No sensitivity to denileukin diftitox or any of its components (e.g., diphtheria toxin, interleukin-2, or excipients)
Willing to undergo leukapheresis
Not pregnant or nursing
Negative pregnancy test
Fertile patients must use effective contraception

Expected Enrollment

A total of 10-96 patients (5-48 per stratum) will be accrued for this study within 3-4 years.

Outcomes

Primary Outcome(s)

Clinical response

Secondary Outcome(s)

Changes in levels of CD4-positive CD25-positive lymphocytes in the peripheral blood
Toxicity

Outline

Patients are stratified according to disease type (metastatic melanoma vs metastatic kidney cancer).

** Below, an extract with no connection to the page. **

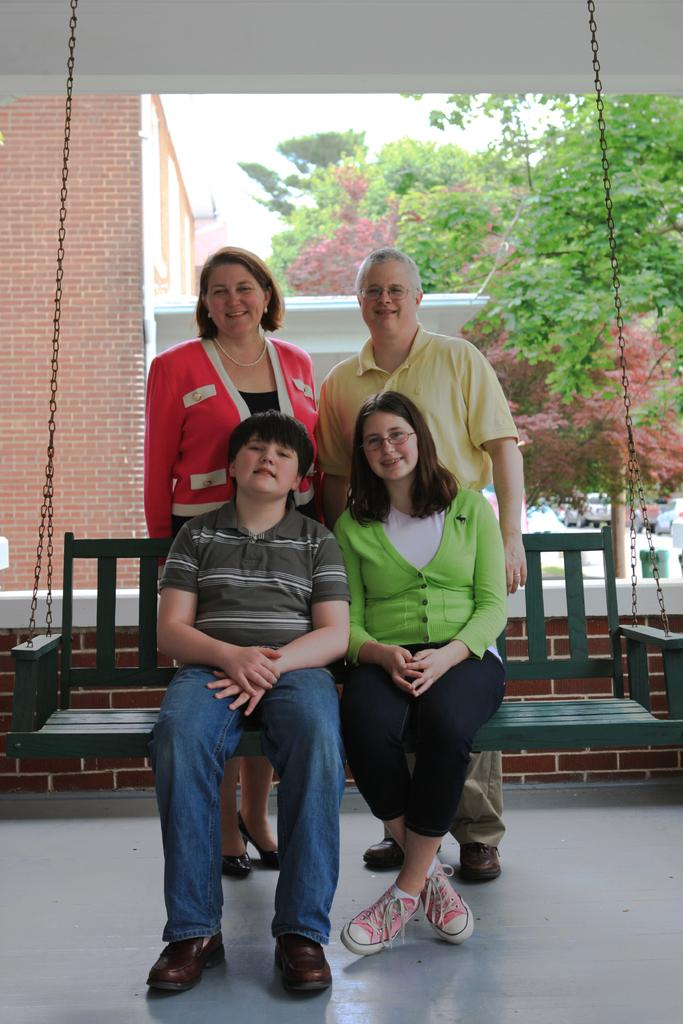How many persons are sitting in the image? There are two persons sitting on a cradle in the image. How many persons are standing in the image? There are two persons standing on the floor in the image. What can be seen in the background of the image? There are trees, a wall, and the sky visible in the background of the image. What type of clock is hanging on the wall in the image? There is no clock visible in the image; only trees, a wall, and the sky are present in the background. 
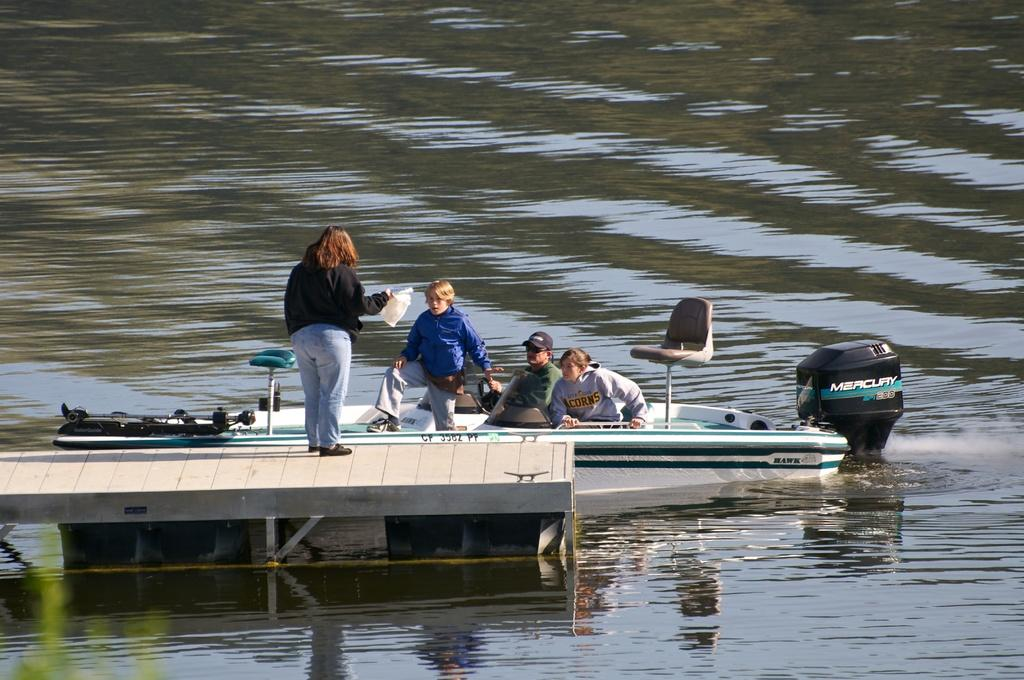What is the main subject in the center of the image? There is a boat in the center of the image. Are there any people in the boat? Yes, there are people in the boat. What can be seen at the bottom of the image? There is water visible at the bottom of the image. What type of yarn is being used by the people in the boat? There is no yarn present in the image; it features a boat with people on water. 
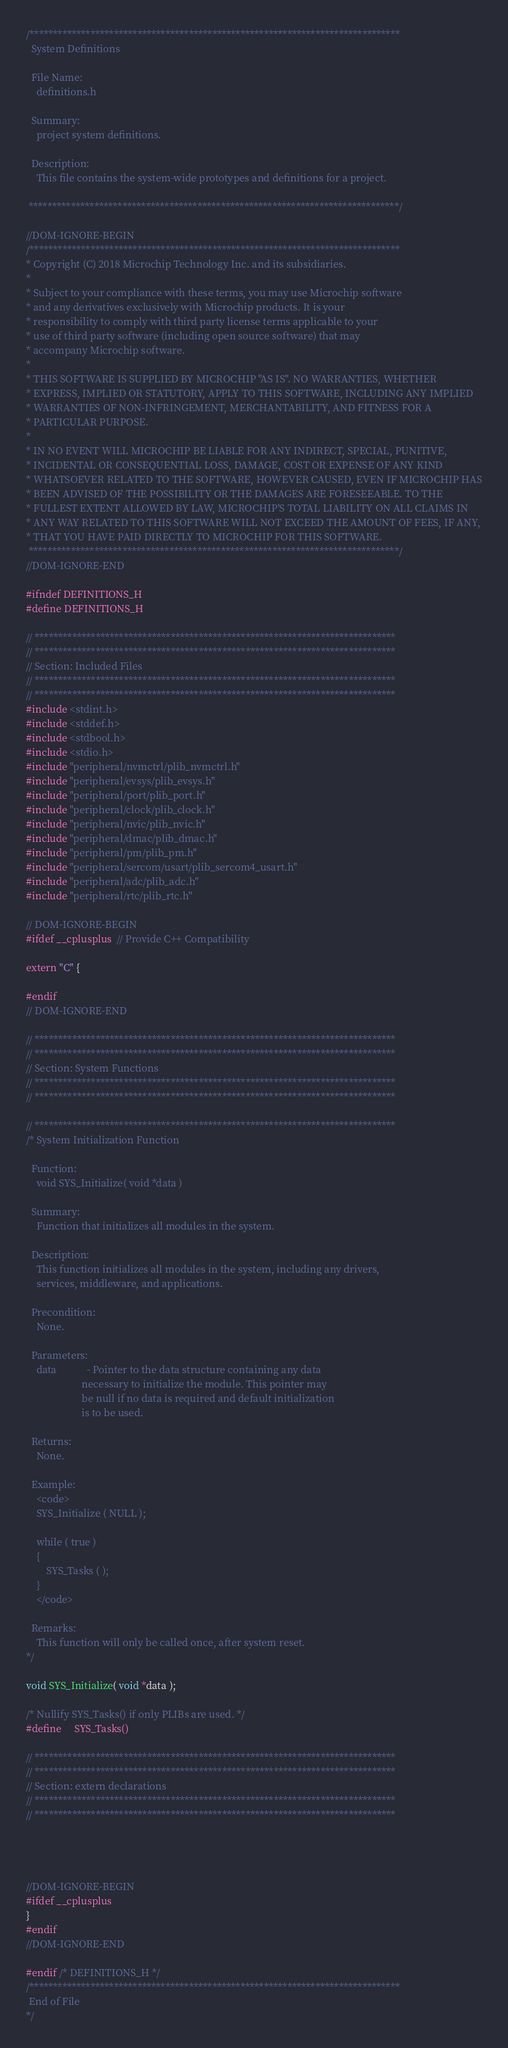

Patients receive denileukin diftitox IV over 1 hour on days 1-5, 21-25, 42-46, and 63-67. Treatment repeats every 84 days (12 weeks) for up to a maximum total of 5 courses in the absence of disease progression, autoimmune ocular toxicity attributable to denileukin diftitox, or any other unacceptable toxicity. At any time during therapy, patients achieving a complete response receive 1 additional course of therapy after the complete response.

Trial Contact Information

Trial Lead Organizations

NCI - Center for Cancer Research

Steven Rosenberg, MD, PhD, Protocol chair
Ph: 866-820-4505
Email: sar@nih.gov

Registry Information

Official Title		Phase II Evaluation of Denileukin Diftitox in Patients With Metastatic Melanoma or Metastatic Kidney Cancer

Trial Start Date		2004-03-11

Registered in ClinicalTrials.gov		NCT00082914

Date Submitted to PDQ		2004-03-11

Information Last Verified		2005-12-20

Note: The purpose of most clinical trials listed in this database is to test new cancer treatments, or new methods of diagnosing, screening, or preventing cancer. Because all potentially harmful side effects are not known before a trial is conducted, dose and schedule modifications may be required for participants if they develop side effects from the treatment or test. The therapy or test described in this clinical trial is intended for use by clinical oncologists in carefully structured settings, and may not prove to be more effective than standard treatment. A responsible investigator associated with this clinical trial should be consulted before using this protocol.